TASK DETAILS: Return all the entries exactly, keeping pictures out.

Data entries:
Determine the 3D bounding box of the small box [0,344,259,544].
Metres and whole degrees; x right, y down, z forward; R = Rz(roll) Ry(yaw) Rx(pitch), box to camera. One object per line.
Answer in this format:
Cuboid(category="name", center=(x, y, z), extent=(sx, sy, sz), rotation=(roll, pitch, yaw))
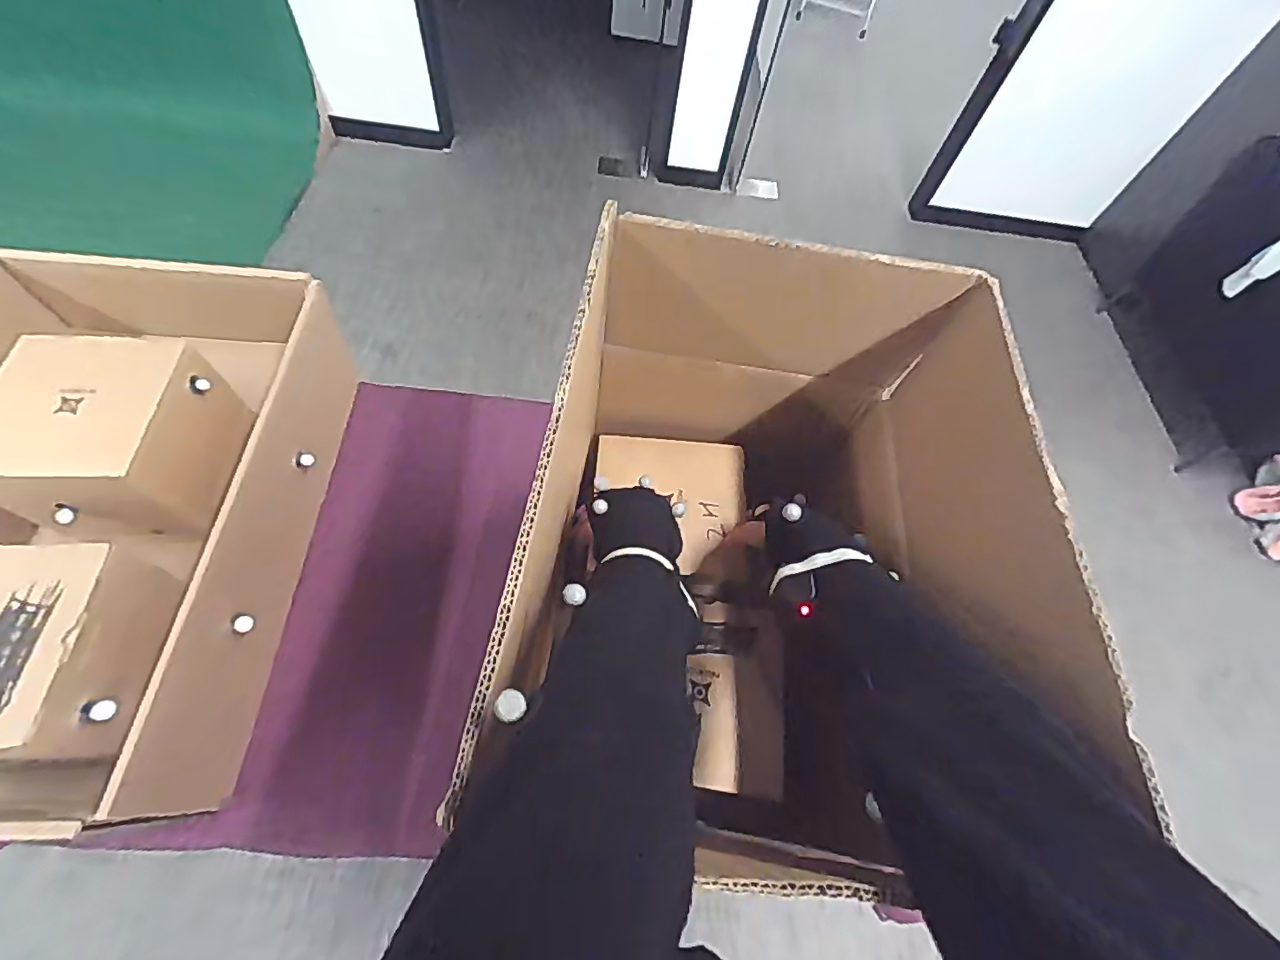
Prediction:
Cuboid(category="small box", center=(-0.580, -0.033, 0.619), extent=(0.168, 0.176, 0.179), rotation=(0, 61, -6))
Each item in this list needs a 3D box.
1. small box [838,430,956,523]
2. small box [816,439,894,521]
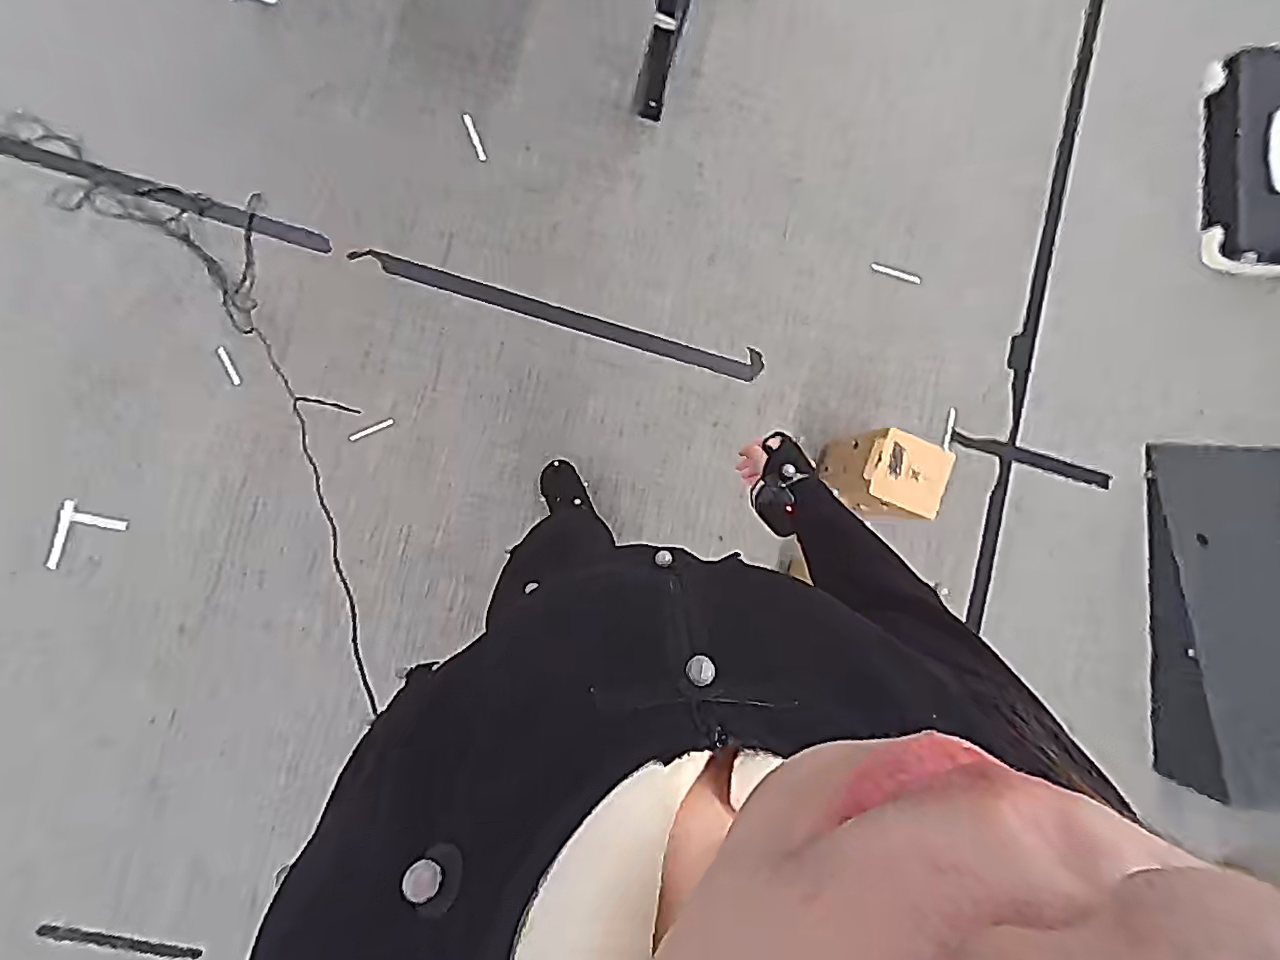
[{"bbox_3d":[0.611,-0.003,1.308,0.179,0.176,0.168,22,86,-5],"label":"small box"},{"bbox_3d":[0.602,0.001,1.473,0.168,0.176,0.179,18,87,-4],"label":"small box"}]
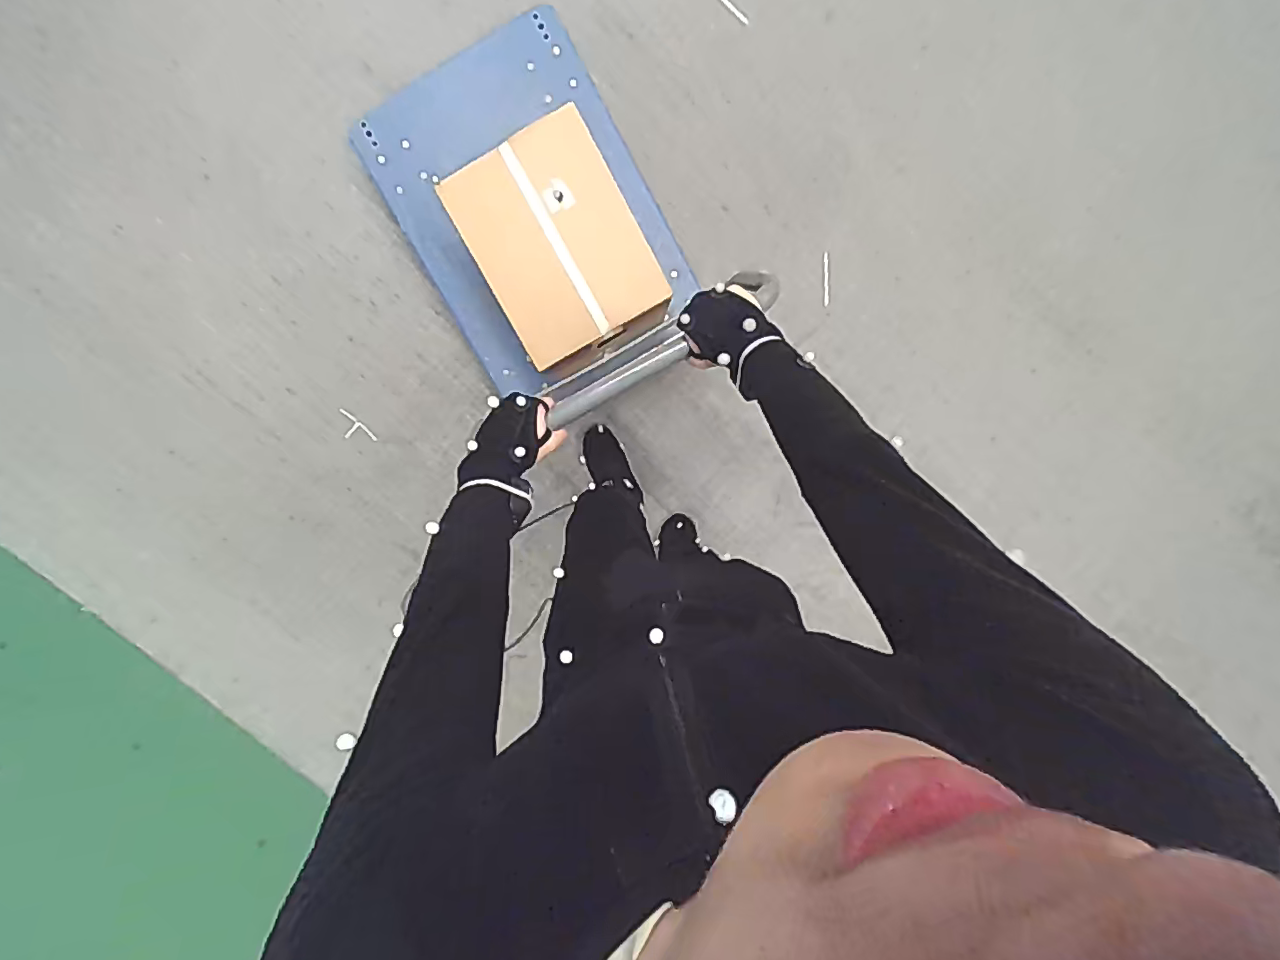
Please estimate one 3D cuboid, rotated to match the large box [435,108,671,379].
[{"bbox_3d":[-0.165,-0.480,1.199,0.320,0.320,0.408,-29,96,2],"label":"large box"}]

SOLUTION TO THE PROBLEM:
Determine the 3D bounding box of the small box [0,344,259,544].
Metres and whole degrees; x right, y down, z forward; R = Rz(roll) Ry(yaw) Rx(pitch), box to camera. One object per line.
Answer in this format:
Cuboid(category="name", center=(x, y, z), extent=(sx, sy, sz), rotation=(roll, pitch, yaw))
Prediction:
Cuboid(category="small box", center=(-0.580, -0.033, 0.619), extent=(0.168, 0.176, 0.179), rotation=(0, 61, -6))
Each item in this list needs a 3D box.
1. small box [838,430,956,523]
2. small box [816,439,894,521]
[{"bbox_3d":[0.611,-0.003,1.308,0.179,0.176,0.168,22,86,-5],"label":"small box"},{"bbox_3d":[0.602,0.001,1.473,0.168,0.176,0.179,18,87,-4],"label":"small box"}]
Please estimate one 3D cuboid, rotated to match the large box [435,108,671,379].
[{"bbox_3d":[-0.165,-0.480,1.199,0.320,0.320,0.408,-29,96,2],"label":"large box"}]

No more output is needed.